I went to a financially troubled public school for high school, but hell, aren’t all public schools financially troubled these days? It was a very diverse school, with around 30 to 40 percent of the students being black, the rest divided among white, Asian, and some Latino students. I never really felt like I belonged with the people at my school — when I was a freshman, I was in Thespians and had a niche there, but that was gone when my father told me to enroll in computer classes. There were always people to hang around with, but I never got close to them, and they were never close to me. I didn’t need them anyway, since I had my friends from church. Of course, I had lingering crushes on various guys through high school, but I was too scared to tell myself I was gay in high school, much less tell them. Now I go to UC Davis, and I feel a lot more comfortable about my sexuality, although I don’t want to come out of the closet just yet.
As far as meeting other gay folks is concerned, I meet other people through the Internet.

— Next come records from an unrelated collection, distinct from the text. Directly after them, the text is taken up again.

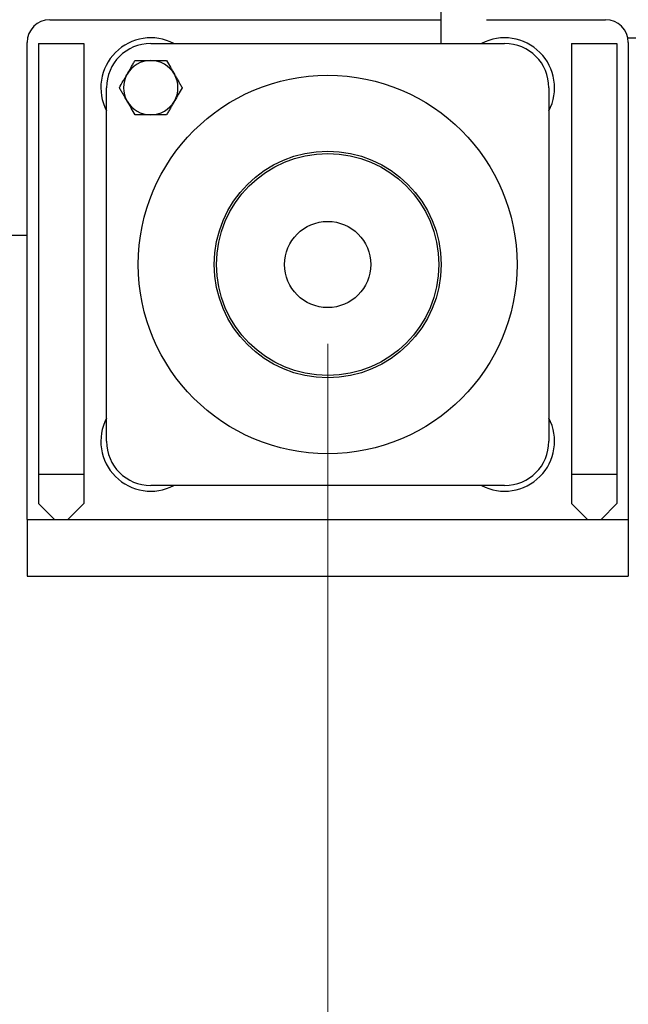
# Model space of a CAD drawing. Header units: inches. Extents: x 0 to 20790, y -12 to 14700.
# Tile 225 of 256: x 10661 to 10930, y 3629 to 4064. Entities that reach past the tile are written whole.
import ezdxf

# ---------------------------------------------------------------- set-up
doc = ezdxf.new("R2010")
doc.units = ezdxf.units.IN
for name, color, linetype, true_color in [('1', 7, 'Continuous', 0xffffff), ('204', 7, 'Continuous', 0xffffff), ('254', 7, 'Continuous', 0xffffff)]:
    doc.layers.add(name, color=color, linetype=linetype, true_color=true_color)
doc.styles.add('latin_extended', font='simplex.shx')
doc.dimstyles.get("Standard").update_dxf_attribs({"dimtxt": 0.18, "dimasz": 0.18, "dimexe": 0.18, "dimexo": 0.0625, "dimgap": 0.09, "dimtad": 0, "dimtih": 1, "dimtoh": 1, "dimdec": 4, "dimzin": 0, "dimdsep": 46, "dimtxsty": 'Standard', "dimcen": 0.09, "dimadec": 0, "dimazin": 0, "dimtfac": 1, "dimtdec": 4, "dimtofl": 0, "dimtmove": 0, "dimatfit": 3, "dimfxl": 1, "dimtolj": 1, "dimtzin": 0, "dimarcsym": 0})

# ---------------------------------------------------------------- blocks, each defined once
blk = doc.blocks.new('_U5')
at = {"layer": '254', "color": 3, "linetype": 'Continuous', "lineweight": 13, "transparency": 16777216}
for p, q in [((9058.57, 3783.19), (9058.57, 2326.19)), ((11247.07, 3783.19), (11247.07, 2326.19)), ((9181.07, 2361.19), (11124.57, 2361.19))]:
    blk.add_line(p, q, dxfattribs=at)
at = {"layer": '254', "color": 3, "transparency": 16777216}
for points in [[(9181.07, 2381.6), (9181.07, 2340.77), (9058.57, 2361.19)], [(11124.57, 2340.77), (11124.57, 2381.6), (11247.07, 2361.19)]]:
    blk.add_solid(points, dxfattribs=at)
at = {"layer": 'Defpoints', "color": 0, "transparency": 16777216}
for p in [(9058.57, 3818.19), (11247.07, 3818.19), (11247.07, 2361.19)]:
    blk.add_point(p, dxfattribs=at)
at = {"layer": '254', "color": 2, "lineweight": 13, "transparency": 16777216, "insert": (9948.65, 2544.94), "char_height": 122.5, "attachment_point": 1, "style": 'latin_extended'}
blk.add_mtext('\\A1;2188', dxfattribs=at)
blk = doc.blocks.new('_U6')
at = {"layer": '254', "color": 3, "linetype": 'Continuous', "lineweight": 13, "transparency": 16777216}
for p, q in [((9507.07, 3920.69), (9507.07, 2606.19)), ((10797.07, 3920.69), (10797.07, 2606.19)), ((9629.57, 2641.19), (10674.57, 2641.19))]:
    blk.add_line(p, q, dxfattribs=at)
at = {"layer": '254', "color": 3, "transparency": 16777216}
for points in [[(9629.57, 2661.6), (9629.57, 2620.77), (9507.07, 2641.19)], [(10674.57, 2620.77), (10674.57, 2661.6), (10797.07, 2641.19)]]:
    blk.add_solid(points, dxfattribs=at)
at = {"layer": 'Defpoints', "color": 0, "transparency": 16777216}
for p in [(9507.07, 3955.69), (10797.07, 3955.69), (10797.07, 2641.19)]:
    blk.add_point(p, dxfattribs=at)
at = {"layer": '254', "color": 2, "lineweight": 13, "transparency": 16777216, "insert": (9947.9, 2824.94), "char_height": 122.5, "attachment_point": 1, "style": 'latin_extended'}
blk.add_mtext('\\A1;1290', dxfattribs=at)
blk = doc.blocks.new('_U10')
at = {"layer": '254', "color": 3, "linetype": 'Continuous', "lineweight": 13, "transparency": 16777216}
for p, q in [((10187.07, 4468.69), (12185.34, 4468.69)), ((12150.34, 4346.19), (12150.34, 3940.69)), ((11010.57, 3818.19), (12185.34, 3818.19))]:
    blk.add_line(p, q, dxfattribs=at)
at = {"layer": '254', "color": 3, "transparency": 16777216}
for points in [[(12170.76, 4346.19), (12129.92, 4346.19), (12150.34, 4468.69)], [(12129.92, 3940.69), (12170.76, 3940.69), (12150.34, 3818.19)]]:
    blk.add_solid(points, dxfattribs=at)
at = {"layer": 'Defpoints', "color": 0, "transparency": 16777216}
for p in [(10152.07, 4468.69), (10975.57, 3818.19), (12150.34, 3818.19)]:
    blk.add_point(p, dxfattribs=at)
at = {"layer": '254', "color": 2, "lineweight": 13, "transparency": 16777216, "insert": (11966.59, 3948.36), "char_height": 122.5, "attachment_point": 1, "rotation": 90, "style": 'latin_extended'}
blk.add_mtext('\\A1;650', dxfattribs=at)

msp = doc.modelspace()

# ---------------------------------------------------------------- linework, layer by layer
at = {"layer": '1', "color": 2, "linetype": 'Continuous', "lineweight": 25}
for p, q in [((10847.069, 4053.187), (10847.069, 4208.685)), ((10674.569, 4063.685), (10847.068, 4063.685)), ((10867.066, 4063.685), (10919.569, 4063.685)), ((10664.569, 3843.187), (10664.569, 4053.685)), ((10669.569, 4053.185), (10669.569, 3863.185)), ((10669.569, 4053.185), (10689.569, 4053.185)), ((10689.569, 4053.185), (10689.569, 3863.185)), ((10719.069, 4053.185), (10875.069, 4053.185)), ((10904.569, 4053.185), (10904.569, 3863.185)), ((10904.569, 4053.185), (10924.569, 4053.185)), ((10924.569, 4053.185), (10924.569, 3863.185)), ((10929.365, 4055.685), (10952.063, 4055.685)), ((10929.569, 4053.685), (10929.569, 3843.187)), ((10699.569, 3877.685), (10699.569, 4033.685)), ((10894.569, 4033.685), (10894.569, 3877.685)), ((10645.23, 3968.685), (10664.57, 3968.685)), ((10669.569, 3863.185), (10689.569, 3863.185)), ((10669.569, 3863.185), (10669.569, 3850.185)), ((10689.569, 3863.185), (10689.569, 3850.185)), ((10904.569, 3863.185), (10904.569, 3850.185)), ((10904.569, 3863.185), (10924.569, 3863.185)), ((10924.569, 3863.185), (10924.569, 3850.185)), ((10875.069, 3858.185), (10719.069, 3858.185)), ((10669.569, 3850.185), (10676.569, 3843.185)), ((10682.569, 3843.185), (10689.569, 3850.185)), ((10904.569, 3850.185), (10911.569, 3843.185)), ((10917.569, 3843.185), (10924.569, 3850.185)), ((10664.569, 3843.185), (10929.569, 3843.185)), ((10664.569, 3843.185), (10664.569, 3818.185)), ((10929.569, 3843.185), (10929.569, 3818.185)), ((10664.569, 3818.185), (10929.569, 3818.185))]:
    msp.add_line(p, q, dxfattribs=at)
at = {"layer": '1', "color": 110, "linetype": 'Continuous', "lineweight": 13}
msp.add_circle((10152.069, 4468.685), 616.6, dxfattribs=at)
at = {"layer": '1', "color": 2, "linetype": 'Continuous', "lineweight": 25}
for centre, radius in [((10152.069, 4468.685), 615), ((10152.069, 4468.685), 613), ((10797.069, 3955.685), 83.5), ((10797.069, 3955.685), 50), ((10797.069, 3955.685), 49), ((10797.069, 3955.685), 19)]:
    msp.add_circle(centre, radius, dxfattribs=at)
for centre, radius, start, end in [((10674.569, 4053.685), 10, 90, 180), ((10919.569, 4053.685), 10, 0, 90), ((10719.069, 4033.685), 22, 62.42319, 207.57681), ((10719.069, 4033.685), 19.5, 90, 180), ((10875.069, 4033.685), 22, 332.42319, 117.57681), ((10875.069, 4033.685), 19.5, 0, 90), ((10719.069, 3877.685), 22, 152.42319, 297.57681), ((10875.069, 3877.685), 22, 242.42319, 27.57681), ((10719.069, 3877.685), 19.5, 180, 270), ((10875.069, 3877.685), 19.5, 270, 0)]:
    msp.add_arc(centre, radius, start, end, dxfattribs=at)
at = {"layer": '204', "color": 2, "linetype": 'Continuous', "lineweight": 25}
for start, end in [(90, 150), (30, 90), (150, 210), (330, 30), (210, 270), (270, 330)]:
    msp.add_arc((10719.069, 4033.685), 12, start, end, dxfattribs=at)
for points, knots in [([(10708.677, 4039.685), (10708.75, 4039.813), (10708.824, 4039.94), (10708.934, 4040.132), (10708.971, 4040.196), (10709.045, 4040.323), (10709.229, 4040.642), (10709.412, 4040.959), (10709.85, 4041.718), (10710.14, 4042.22), (10710.717, 4043.22), (10711.004, 4043.716), (10711.574, 4044.704), (10711.858, 4045.196), (10712.141, 4045.685)], [0, 0, 0, 0, 0.0625, 0.0625, 0.09375, 0.09375, 0.125, 0.25, 0.25, 0.5, 0.5, 0.75, 0.75, 1, 1, 1, 1]), ([(10712.141, 4045.685), (10712.701, 4045.685), (10713.265, 4045.685), (10714.402, 4045.685), (10714.974, 4045.685), (10716.13, 4045.685), (10716.713, 4045.685), (10717.45, 4045.685), (10717.597, 4045.685), (10717.892, 4045.685), (10718.04, 4045.685), (10718.482, 4045.685), (10718.776, 4045.685), (10719.069, 4045.685)], [0, 0, 0, 0, 0.25, 0.25, 0.5, 0.5, 0.75, 0.75, 0.8125, 0.8125, 0.875, 0.875, 1, 1, 1, 1]), ([(10719.069, 4045.685), (10719.655, 4045.685), (10720.239, 4045.685), (10721.403, 4045.685), (10721.983, 4045.685), (10723.138, 4045.685), (10723.714, 4045.685), (10724.431, 4045.685), (10724.575, 4045.685), (10724.861, 4045.685), (10725.004, 4045.685), (10725.432, 4045.685), (10725.715, 4045.685), (10725.997, 4045.685)], [0, 0, 0, 0, 0.25, 0.25, 0.5, 0.5, 0.75, 0.75, 0.8125, 0.8125, 0.875, 0.875, 1, 1, 1, 1]), ([(10725.997, 4045.685), (10726.564, 4044.704), (10727.135, 4043.715), (10728, 4042.217), (10728.29, 4041.715), (10728.873, 4040.704), (10729.166, 4040.196), (10729.461, 4039.685)], [0, 0, 0, 0, 0.5, 0.5, 0.75, 0.75, 1, 1, 1, 1]), ([(10705.213, 4033.685), (10705.779, 4034.667), (10706.35, 4035.656), (10707.215, 4037.154), (10707.505, 4037.656), (10708.088, 4038.666), (10708.382, 4039.174), (10708.677, 4039.685)], [0, 0, 0, 0, 0.5, 0.5, 0.75, 0.75, 1, 1, 1, 1]), ([(10729.461, 4039.685), (10729.535, 4039.558), (10729.608, 4039.431), (10729.719, 4039.239), (10729.756, 4039.175), (10729.83, 4039.048), (10730.014, 4038.729), (10730.197, 4038.412), (10730.635, 4037.653), (10730.925, 4037.15), (10731.502, 4036.151), (10731.789, 4035.655), (10732.359, 4034.666), (10732.643, 4034.175), (10732.925, 4033.685)], [0, 0, 0, 0, 0.0625, 0.0625, 0.09375, 0.09375, 0.125, 0.25, 0.25, 0.5, 0.5, 0.75, 0.75, 1, 1, 1, 1]), ([(10708.677, 4027.685), (10708.603, 4027.813), (10708.53, 4027.94), (10708.419, 4028.132), (10708.382, 4028.196), (10708.309, 4028.323), (10708.125, 4028.642), (10707.941, 4028.959), (10707.503, 4029.718), (10707.213, 4030.22), (10706.636, 4031.22), (10706.35, 4031.716), (10705.779, 4032.704), (10705.495, 4033.196), (10705.213, 4033.685)], [0, 0, 0, 0, 0.0625, 0.0625, 0.09375, 0.09375, 0.125, 0.25, 0.25, 0.5, 0.5, 0.75, 0.75, 1, 1, 1, 1]), ([(10732.925, 4033.685), (10732.359, 4032.704), (10731.788, 4031.715), (10730.923, 4030.217), (10730.633, 4029.715), (10730.05, 4028.704), (10729.756, 4028.196), (10729.461, 4027.685)], [0, 0, 0, 0, 0.5, 0.5, 0.75, 0.75, 1, 1, 1, 1]), ([(10712.141, 4021.685), (10711.574, 4022.667), (10711.003, 4023.656), (10710.138, 4025.154), (10709.848, 4025.656), (10709.265, 4026.666), (10708.972, 4027.174), (10708.677, 4027.685)], [0, 0, 0, 0, 0.5, 0.5, 0.75, 0.75, 1, 1, 1, 1]), ([(10729.461, 4027.685), (10729.388, 4027.558), (10729.314, 4027.431), (10729.204, 4027.239), (10729.167, 4027.175), (10729.093, 4027.048), (10728.909, 4026.729), (10728.726, 4026.412), (10728.288, 4025.653), (10727.998, 4025.15), (10727.421, 4024.151), (10727.134, 4023.655), (10726.564, 4022.666), (10726.28, 4022.175), (10725.997, 4021.685)], [0, 0, 0, 0, 0.0625, 0.0625, 0.09375, 0.09375, 0.125, 0.25, 0.25, 0.5, 0.5, 0.75, 0.75, 1, 1, 1, 1]), ([(10719.069, 4021.685), (10718.776, 4021.685), (10718.482, 4021.685), (10718.04, 4021.685), (10717.892, 4021.685), (10717.597, 4021.685), (10717.45, 4021.685), (10716.713, 4021.685), (10716.13, 4021.685), (10714.974, 4021.685), (10714.402, 4021.685), (10713.265, 4021.685), (10712.701, 4021.685), (10712.141, 4021.685)], [0, 0, 0, 0, 0.125, 0.125, 0.1875, 0.1875, 0.25, 0.25, 0.5, 0.5, 0.75, 0.75, 1, 1, 1, 1]), ([(10725.997, 4021.685), (10725.715, 4021.685), (10725.432, 4021.685), (10725.004, 4021.685), (10724.861, 4021.685), (10724.575, 4021.685), (10724.431, 4021.685), (10723.714, 4021.685), (10723.138, 4021.685), (10721.983, 4021.685), (10721.403, 4021.685), (10720.239, 4021.685), (10719.655, 4021.685), (10719.069, 4021.685)], [0, 0, 0, 0, 0.125, 0.125, 0.1875, 0.1875, 0.25, 0.25, 0.5, 0.5, 0.75, 0.75, 1, 1, 1, 1])]:
    msp.add_open_spline(points, degree=3, knots=knots, dxfattribs=at)

# ---------------------------------------------------------------- dimensions: what is measured, and where the dimension line sits
at = {"layer": '254', "color": 2, "linetype": 'Continuous', "lineweight": 13}
dim = msp.add_linear_dim(base=(12150.338751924, 3818.185382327), p1=(10152.069053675, 4468.685382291), p2=(10975.569089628, 3818.185382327), angle=90, dimstyle='Standard', override={"dimscale": 35, "dimtxt": 3.5, "dimasz": 3.5, "dimexe": 1, "dimexo": 1, "dimgap": 1.75, "dimtad": 1, "dimtih": 0, "dimtoh": 0, "dimdec": 0, "dimlfac": 1, "dimzin": 8, "dimdsep": 46, "dimlunit": 2, "dimtxsty": 'latin_extended', "dimsah": 1, "dimse1": 0, "dimse2": 0, "dimsd1": 0, "dimsd2": 0, "dimclrd": 3, "dimclre": 3, "dimclrt": 2, "dimtol": 0, "dimtm": -0.1, "dimtfac": 0.714286, "dimtdec": 3, "dimtofl": 1, "dimtmove": 0, "dimtzin": 8, "dimlwd": 13, "dimlwe": 13}, dxfattribs=at)
dim.commit()
dim.dimension.update_dxf_attribs({"geometry": '_U10', "text_midpoint": (12150.338751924, 4105.856920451), "dimtype": 160})
for base, p1, p2, picture, middle in [((10797.069, 2641.185), (9507.069, 3955.685), (10797.069, 3955.685), '_U6', (10152.069, 2641.185)), ((11247.069089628, 2361.185382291), (9058.569089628, 3818.185382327), (11247.069089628, 3818.185382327), '_U5', (10152.819089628, 2361.185382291))]:
    dim = msp.add_linear_dim(base=base, p1=p1, p2=p2, dimstyle='Standard', override={"dimscale": 35, "dimtxt": 3.5, "dimasz": 3.5, "dimexe": 1, "dimexo": 1, "dimgap": 1.75, "dimtad": 1, "dimtih": 1, "dimtoh": 0, "dimdec": 0, "dimlfac": 1, "dimzin": 8, "dimdsep": 46, "dimlunit": 2, "dimtxsty": 'latin_extended', "dimsah": 1, "dimse1": 0, "dimse2": 0, "dimsd1": 0, "dimsd2": 0, "dimclrd": 3, "dimclre": 3, "dimclrt": 2, "dimtol": 0, "dimtm": -0.1, "dimtfac": 0.714286, "dimtdec": 3, "dimtofl": 1, "dimtmove": 0, "dimtzin": 8, "dimlwd": 13, "dimlwe": 13}, dxfattribs=at)
    dim.commit()
    dim.dimension.update_dxf_attribs({"geometry": picture, "text_midpoint": middle, "dimtype": 160})

doc.saveas('drawing.dxf')

The first time I went to a gay youth “support” group was when I was fifteen. I went to a group in Berkeley. I guess I was expecting there to be people like me. There weren’t. Instead, they were cliquey and arrogant. The only people they would talk to were people who acted and looked like them, and since I wasn’t like them, I didn’t belong in their little group. I ended up never going to a group again, and to this day, going to a support group makes me uncomfortable. Currently, I meet other people online.
I want to find that “perfect guy” as much as the next gay guy. I guess growing up the way I have has made me want the idea of the traditional family, with a wife, three kids, a job, and a picket fence. Being gay, I wouldn’t be able to have that, and that’s my biggest fear, something I’ll have to work out throughout my life. I see myself in a monogamous relationship, with a good job, a decent house, maybe a kid, somehow. I just want to live my life simply with someone.
You’re not alone in the world. I thought I was. I learned in college that many other people thought they were, too. But we’re not alone.
This is, in fact, a lie. I was not born in Hayward — I was born in Fremont. No idea why I would write that.